Kamis, 23 Oktober 2025
Mzm 1:1-4.6
Flp 3:8-9
Lukas 12:49-53
TRANSFORMASI hidup karena menyambut Roh Allah tidak pernah terjadi begitu saja.
Roh Allah bekerja di dalam hati yang mau berubah, di hati yang terbuka dan rela meninggalkan cara hidup lama.
Pertobatan sejati menuntut keberanian untuk keluar dari zona nyaman, dari kebiasaan yang sudah mengikat, dari dosa yang terasa “biasa”, dari lingkungan yang mungkin tidak mendukung perubahan itu.
Roh Allah selalu mengundang manusia untuk hidup baru, hidup yang dihidupi oleh kasih, kejujuran, dan kesetiaan.
Namun, setiap pertobatan memiliki risikonya. Ketika seseorang mulai berubah, dunia di sekitarnya tidak selalu senang.
Ada yang mencibir, ada yang menolak, bahkan ada yang mencoba menariknya kembali ke masa lalu. Namun, di situlah nilai sejati dari pertobatan diuji, apakah perubahan itu sungguh karena kasih kepada Allah, atau sekadar keinginan sementara.
Hidup dalam Roh Allah berarti berani melangkah keluar dari kegelapan menuju terang, meski harus kehilangan kenyamanan atau penerimaan orang lain.
Tapi justru di sanalah kebahagiaan sejati ditemukan, ketika seseorang berani hidup sesuai kehendak Allah dan bukan lagi menurut keinginan dunia.
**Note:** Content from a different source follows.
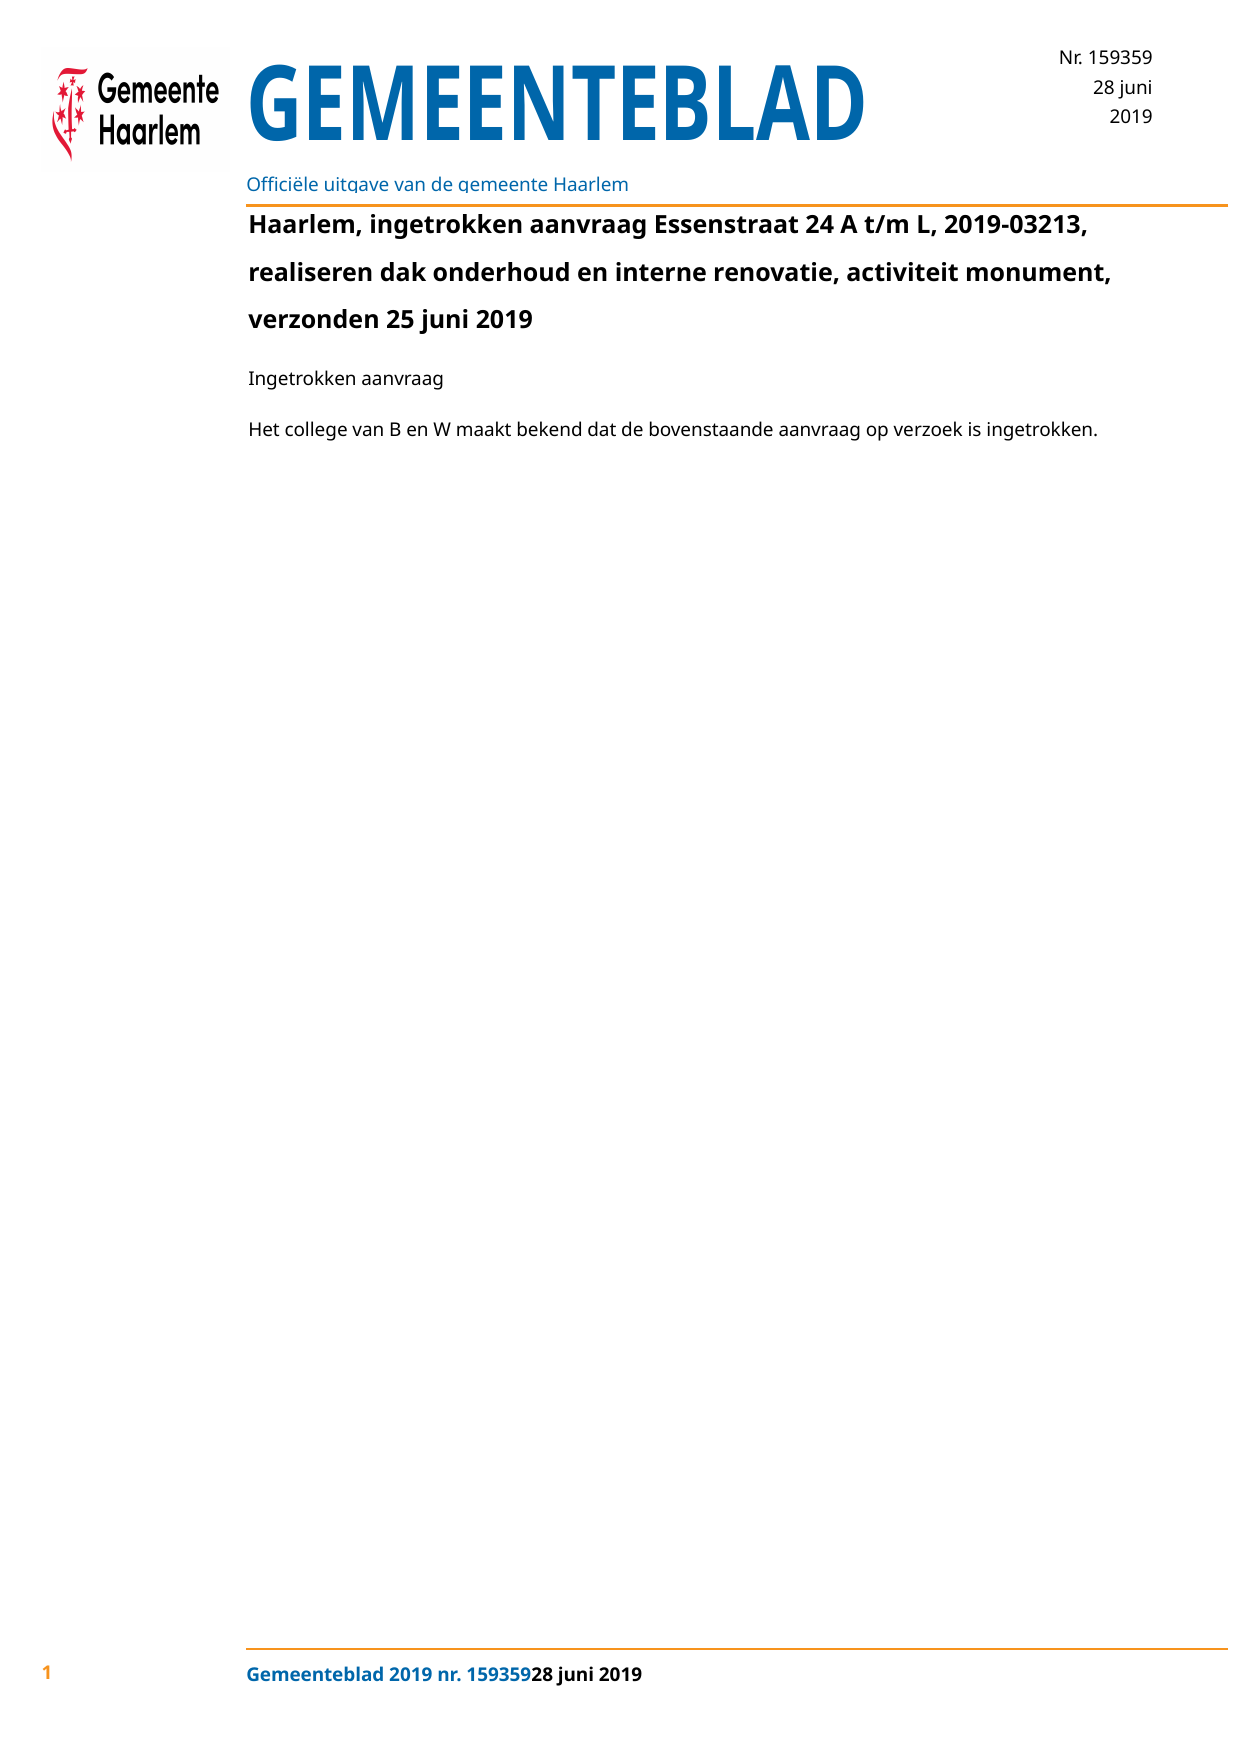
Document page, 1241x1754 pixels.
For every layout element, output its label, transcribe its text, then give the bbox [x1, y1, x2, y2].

Dalam bacaan injil hari ini kita dengar demikian, “Aku datang melemparkan api ke bumi, dan betapa Kudambakan agar api itu selalu menyala.”
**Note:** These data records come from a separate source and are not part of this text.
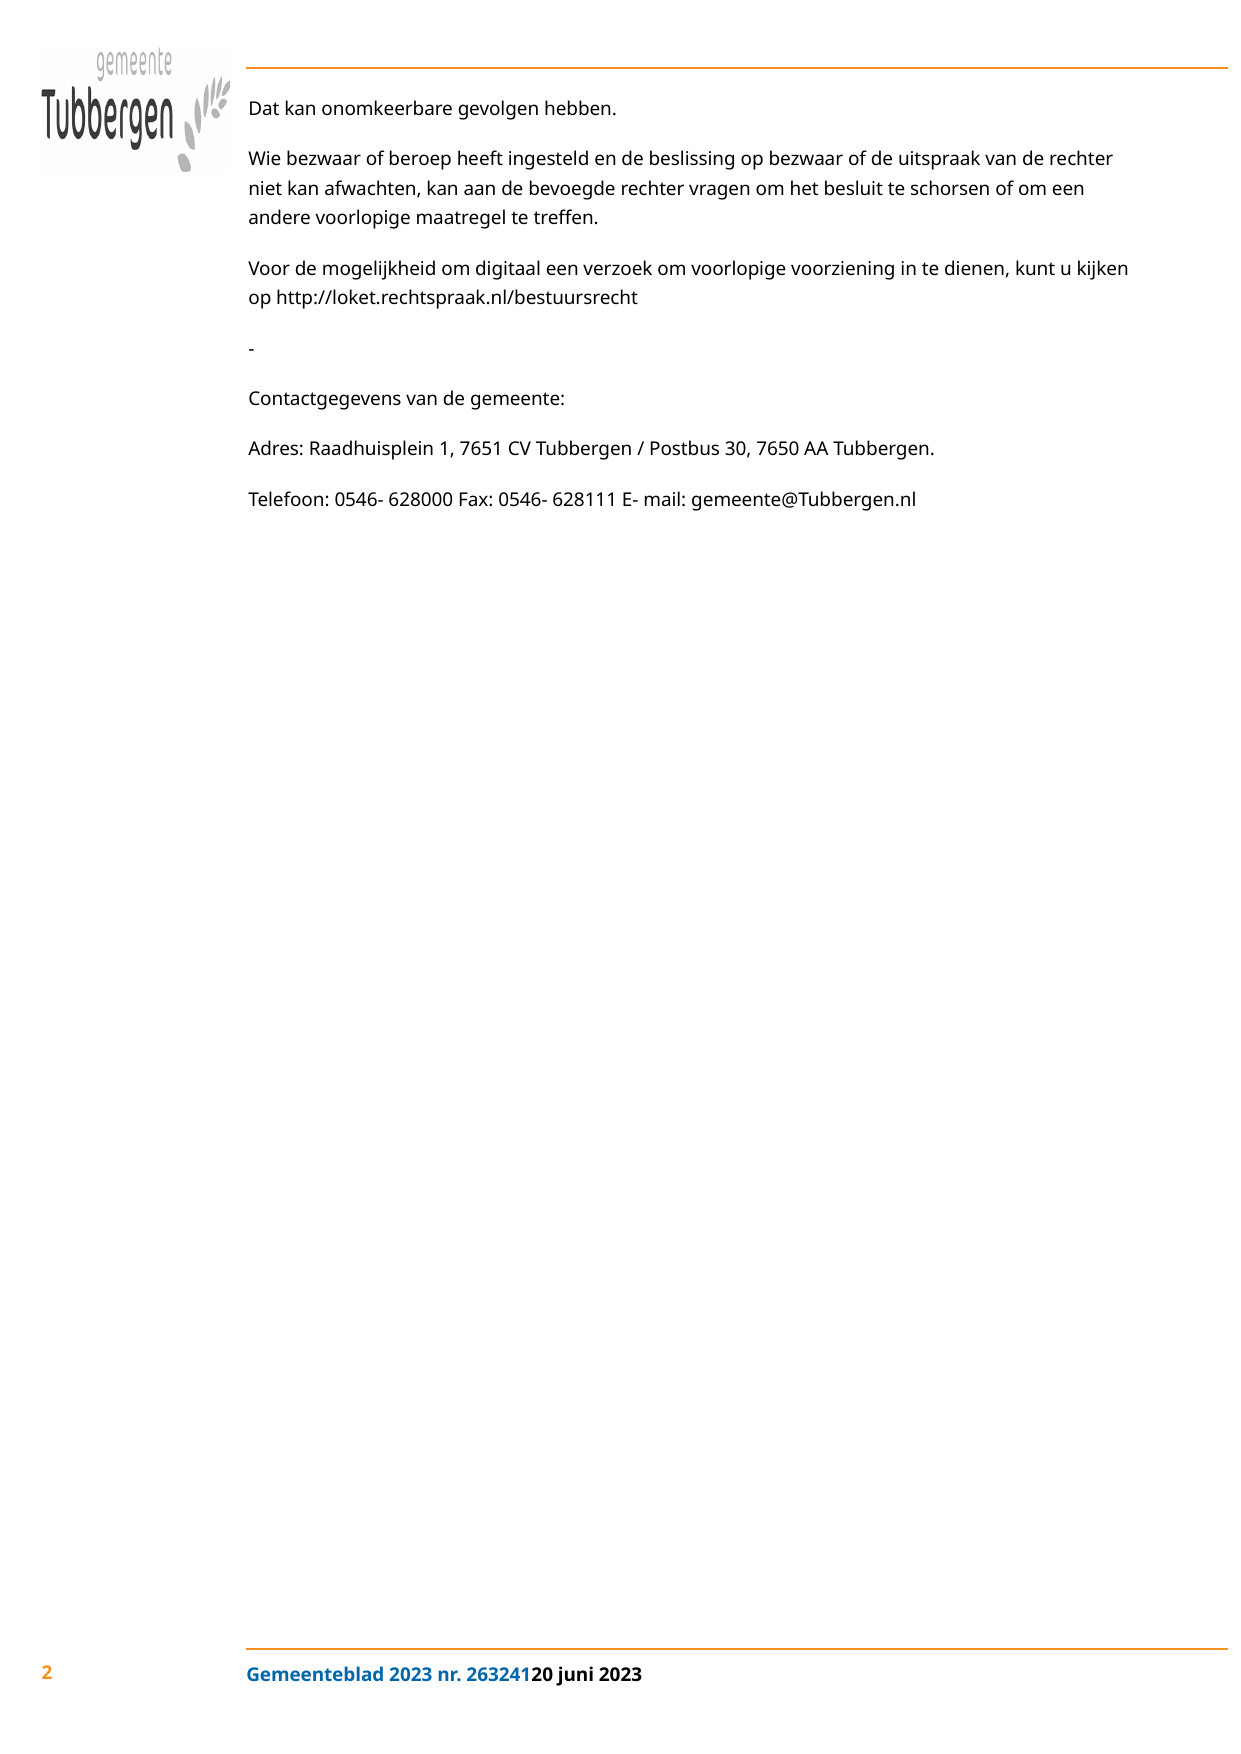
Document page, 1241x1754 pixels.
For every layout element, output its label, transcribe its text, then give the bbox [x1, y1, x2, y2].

text Wie bezwaar of beroep heeft ingesteld en de beslissing op bezwaar of de uitspraak van de rechter niet kan afwachten, kan aan de bevoegde rechter vragen om het besluit te schorsen of om een andere voorlopige maatregel te treffen. [248, 145, 1152, 230]
text Contactgegevens van de gemeente: [248, 385, 1152, 411]
text Voor de mogelijkheid om digitaal een verzoek om voorlopige voorziening in te dienen, kunt u kijken op http://loket.rechtspraak.nl/bestuursrecht [248, 255, 1152, 310]
picture [41, 47, 231, 172]
text - [248, 335, 1152, 361]
text Adres: Raadhuisplein 1, 7651 CV Tubbergen / Postbus 30, 7650 AA Tubbergen. [248, 436, 1152, 461]
text Dat kan onomkeerbare gevolgen hebben. [248, 95, 1152, 121]
text Telefoon: 0546- 628000 Fax: 0546- 628111 E- mail: gemeente@Tubbergen.nl [248, 486, 1152, 512]

Api yang dimaksud Yesus bukanlah api yang membakar atau menghancurkan, melainkan api kasih dan semangat ilahi yang menghidupkan dan memurnikan hati manusia.
Api itu adalah Roh Kudus yang menyalakan cinta kepada Allah dan keberanian untuk hidup dalam kebenaran.
Saat api ini menyala, hati manusia tidak lagi dingin, tidak lagi acuh, dan tidak lagi mencari kenyamanan duniawi.
Ia menjadi berani untuk mencintai, untuk berkorban, dan untuk membawa terang di tengah kegelapan dunia.
Yesus tahu bahwa api itu tidak selalu diterima. Banyak orang lebih suka hidup dalam aman dan suam-suam kuku. Api Roh Kudus menuntut Perubahan, dan perubahan itu sering menyakitkan.
Perubahan iru, membakar ego, menghanguskan kesombongan, dan memurnikan hati dari dosa. Tetapi tanpa api ini, iman menjadi kering dan pelayanan kehilangan daya hidupnya.
Maka, Yesus tidak hanya ingin api itu dinyalakan, Tuhan mendambakan agar api itu tetap menyala. Ia rindu agar umat-Nya memiliki hati yang berkobar, bukan hanya hangat sesaat, melainkan menyala terus dalam cinta dan kesetiaan kepada-Nya.
Bagaimana dengan diriku?
Apakah api kasih dan iman dalam diriku masih menyala, atau sudah mulai padam oleh rutinitas dan rasa takut?